Wednesday, June 10, 2009

I Don’t Like Fiction

Kindergarten draws to a close not a moment too soon for Mrs. B. As you can see from the photo, she is due any week now, and will soon have her own switch her focus from twenty-five petulant, demanding creatures to one. We were lucky to get through the school year before the blessed event—without Mrs. B’s loving encouragement, kindergarten might have been a disaster, but with her it was wonderful. Booker has grown considerably under her tutelage—he can read a little, add a little, tell stories a little. The greatest change is that he now understands that his is not the only perspective on the world, and the range of experiences that realization makes possible—humor, empathy, more strategic manipulation of his parents and his little brother—is now available to him.


He has grown in other ways, of course: as you can see, he is now six feet tall and climbing.

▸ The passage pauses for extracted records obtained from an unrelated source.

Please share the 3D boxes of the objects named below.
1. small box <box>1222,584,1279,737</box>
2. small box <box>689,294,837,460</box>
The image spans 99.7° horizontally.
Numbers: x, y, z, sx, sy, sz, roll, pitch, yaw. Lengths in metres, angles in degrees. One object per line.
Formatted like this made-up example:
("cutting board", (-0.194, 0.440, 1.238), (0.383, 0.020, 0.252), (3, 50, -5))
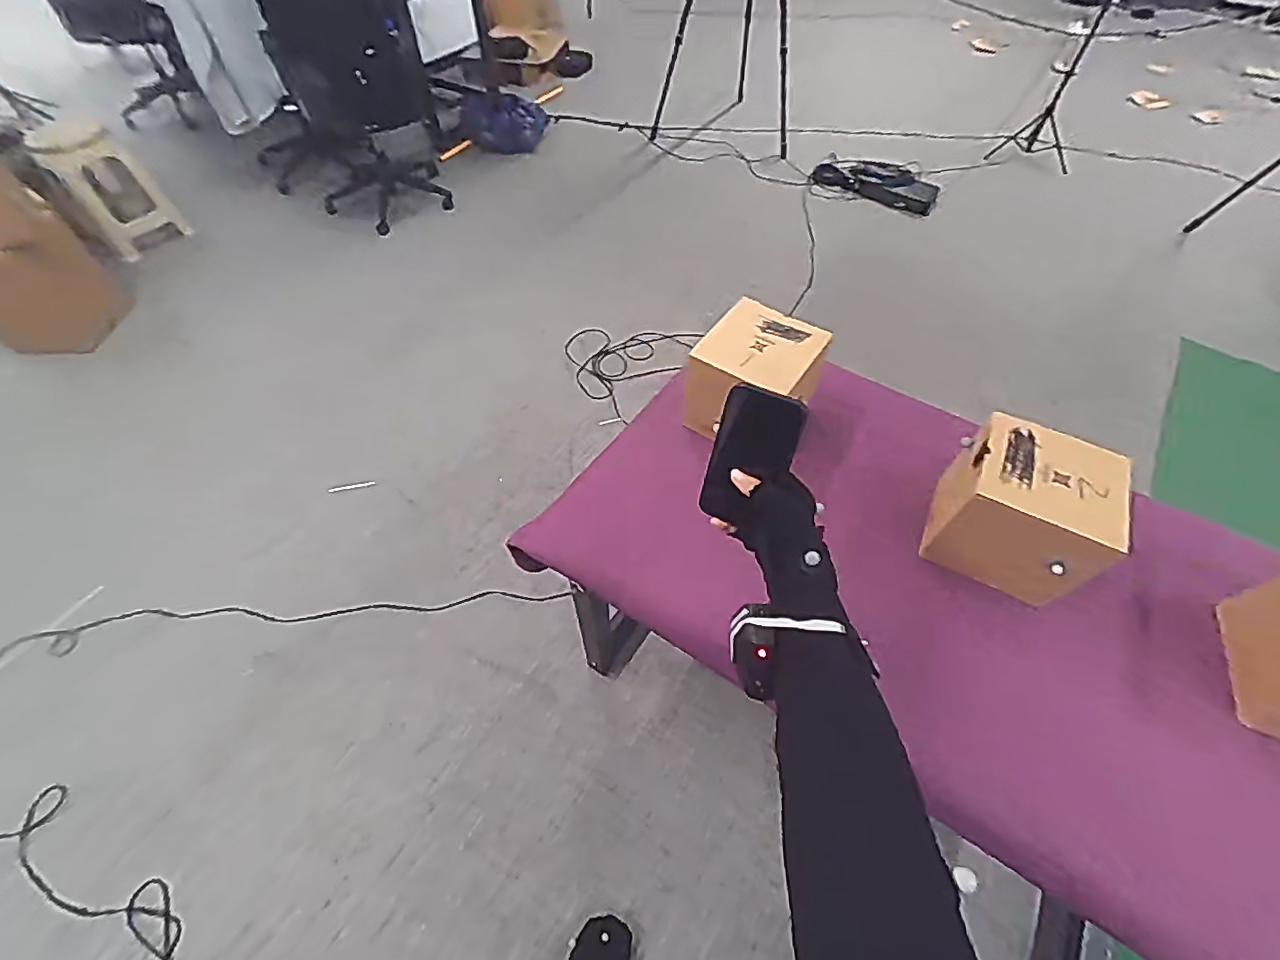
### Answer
("small box", (0.854, 0.226, 0.632), (0.168, 0.176, 0.179), (21, 56, 14))
("small box", (0.193, -0.169, 0.899), (0.168, 0.176, 0.179), (31, 61, 20))
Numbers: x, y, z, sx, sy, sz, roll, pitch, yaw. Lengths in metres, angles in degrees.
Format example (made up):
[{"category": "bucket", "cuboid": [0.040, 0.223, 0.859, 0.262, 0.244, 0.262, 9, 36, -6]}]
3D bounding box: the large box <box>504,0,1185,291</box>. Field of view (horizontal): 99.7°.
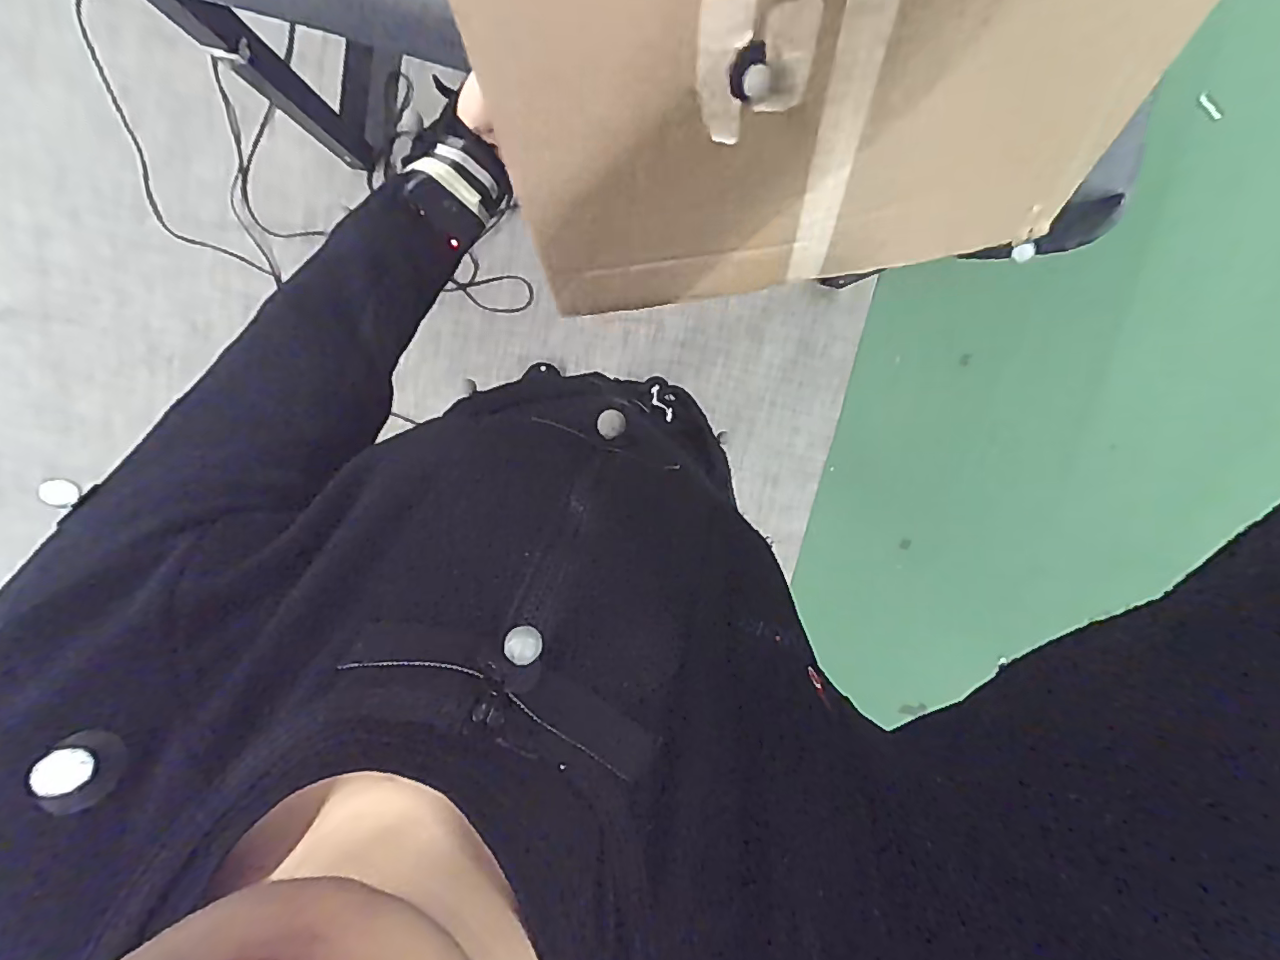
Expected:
[{"category": "large box", "cuboid": [0.070, -0.362, 0.229, 0.320, 0.408, 0.320, -10, 69, 2]}]
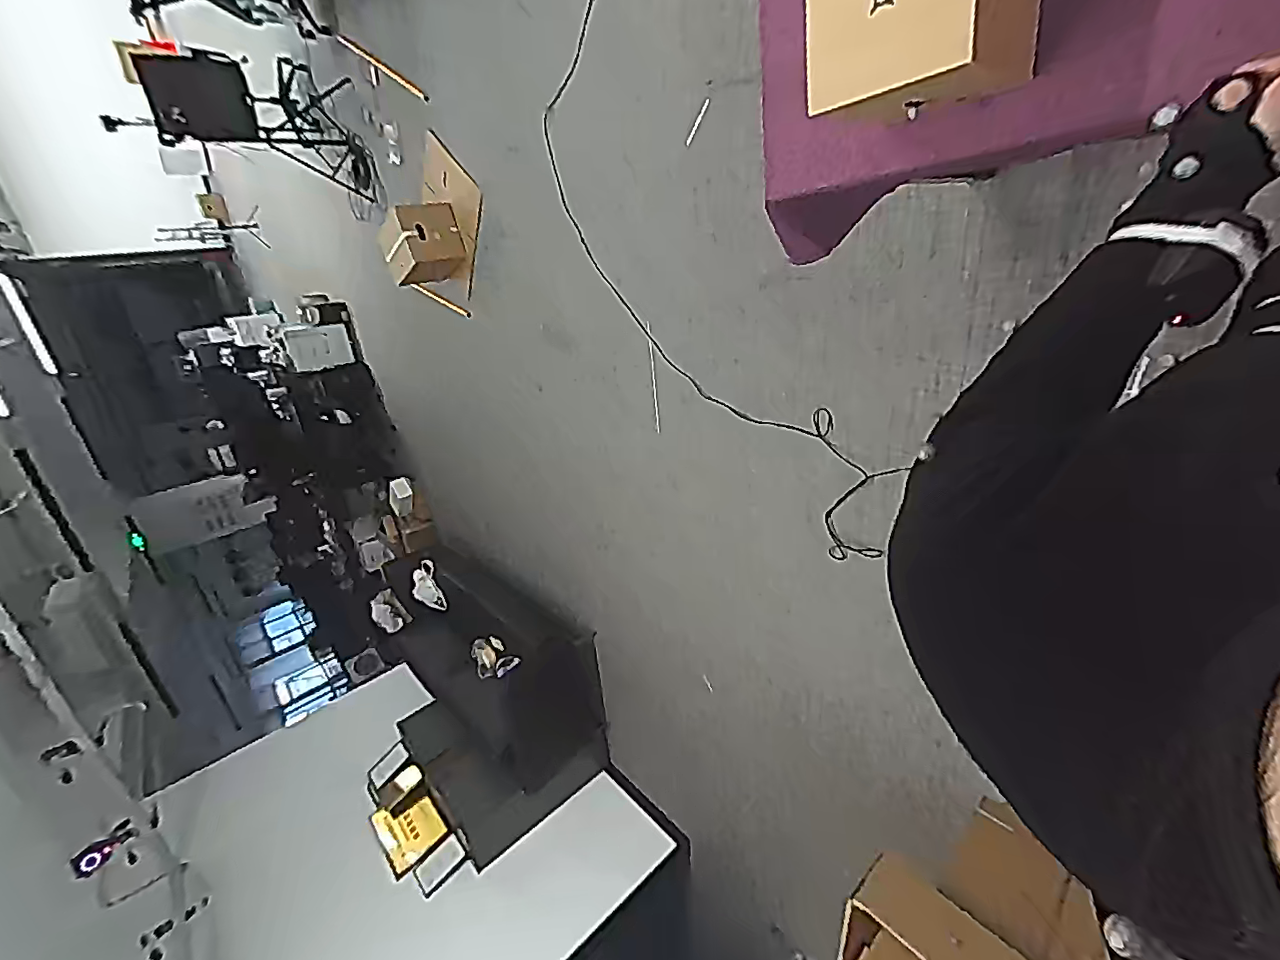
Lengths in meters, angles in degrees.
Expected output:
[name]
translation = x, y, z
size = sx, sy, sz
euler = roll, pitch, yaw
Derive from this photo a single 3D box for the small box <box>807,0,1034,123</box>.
[small box]
translation = 0.292, -0.489, 0.559
size = 0.168, 0.176, 0.179
euler = 16, 121, 46
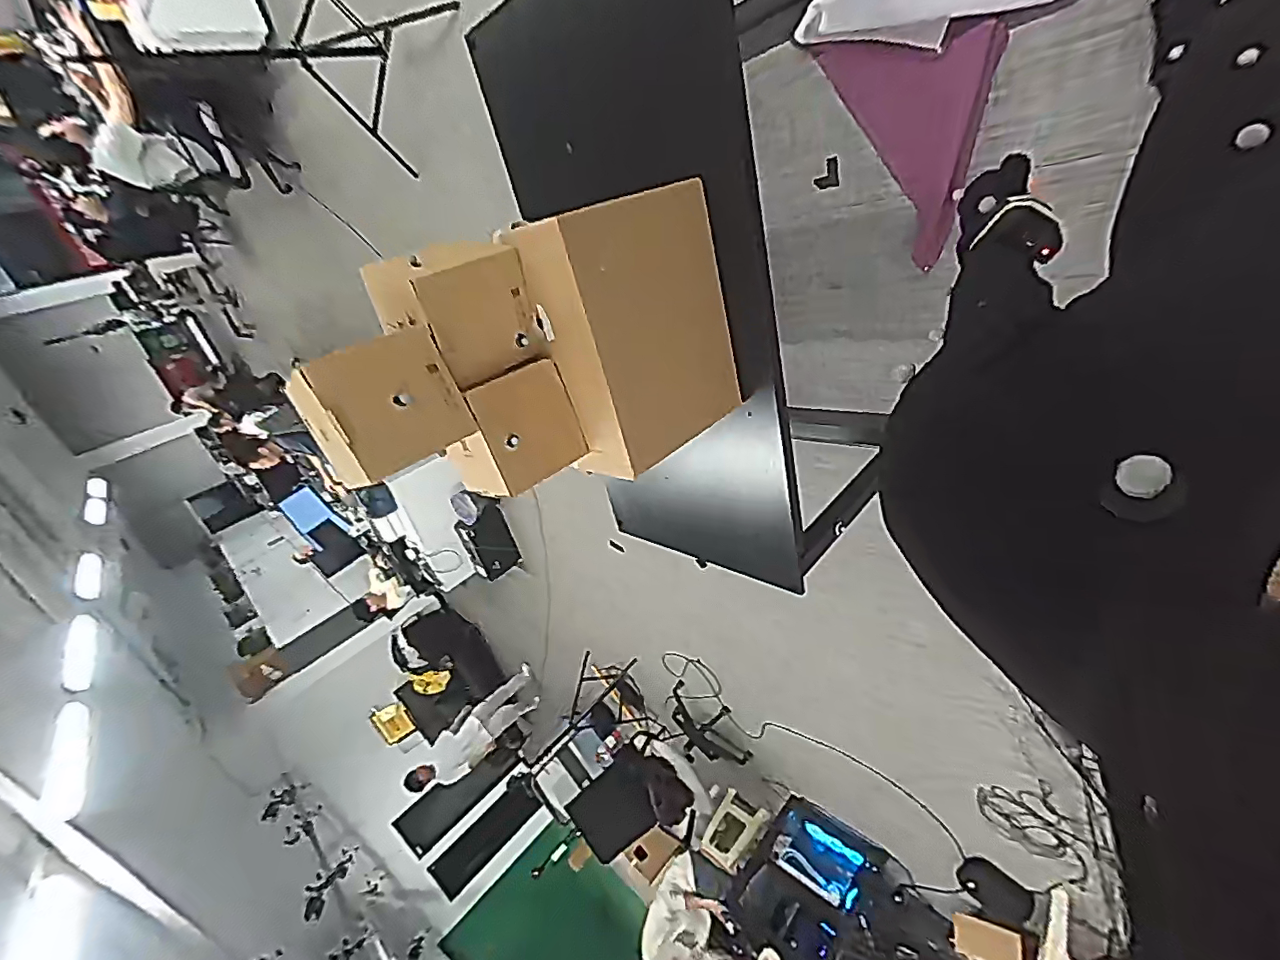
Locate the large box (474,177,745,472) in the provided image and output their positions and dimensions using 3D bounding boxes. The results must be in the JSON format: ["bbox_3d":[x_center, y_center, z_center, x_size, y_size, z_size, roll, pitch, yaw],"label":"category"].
[{"bbox_3d":[-0.052,-0.271,0.978,0.320,0.320,0.408,11,126,46],"label":"large box"}]

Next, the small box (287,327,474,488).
[{"bbox_3d":[-0.365,-0.102,0.776,0.179,0.176,0.168,-4,115,52],"label":"small box"}]

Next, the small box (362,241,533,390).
[{"bbox_3d":[-0.284,-0.260,0.833,0.179,0.176,0.168,25,137,39],"label":"small box"}]
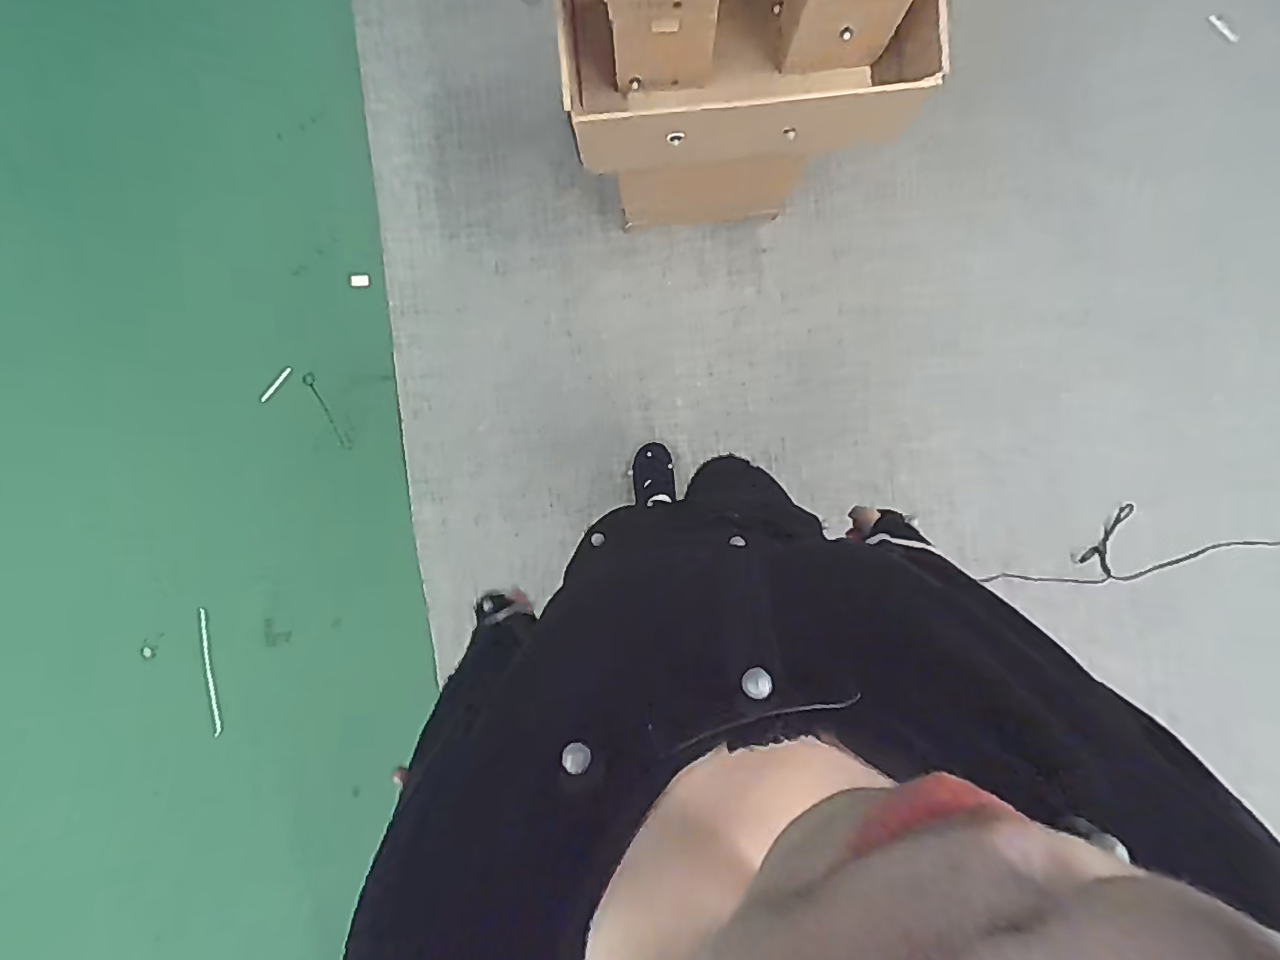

He towers over his peers in the violin group, swaying gently like a skyscraper in heavy winds as they fiddle furiously beneath him.


He still insistently carves his own path through the standards of the Suzuki songbook, always always always starting up when everyone else starts correctly down, and building successive variations from that initial divergence. But it is less noticeable now, maybe because we are halfway napping through the recital, like most of the other parents.

Probably the most significant achievement here is that standing in front of a fitfully dozing crowd and struggling through “Go Tell Aunt Rhody” is no longer an agonizing experience for Booker.



He checks it off his list, collects his cookie, and moves on. What more can one ask?

Booker has also begun to separate the world of reality and invention. We were watching Angus Lost a few weeks ago—the tale of a curious Scot terrier who escapes his yard and has a rousting adventure about town—when Booker asked, “Is this fiction?” Well, kid, generally when the pet dog talks to the goat, its fiction, but I’ll let you make the call.

Not long afterwards, he determined his preference, telling Mary at storytime, “I don’t like fiction. I like non-fiction.”

That excludes the world of toy cars, of course. But that is another story.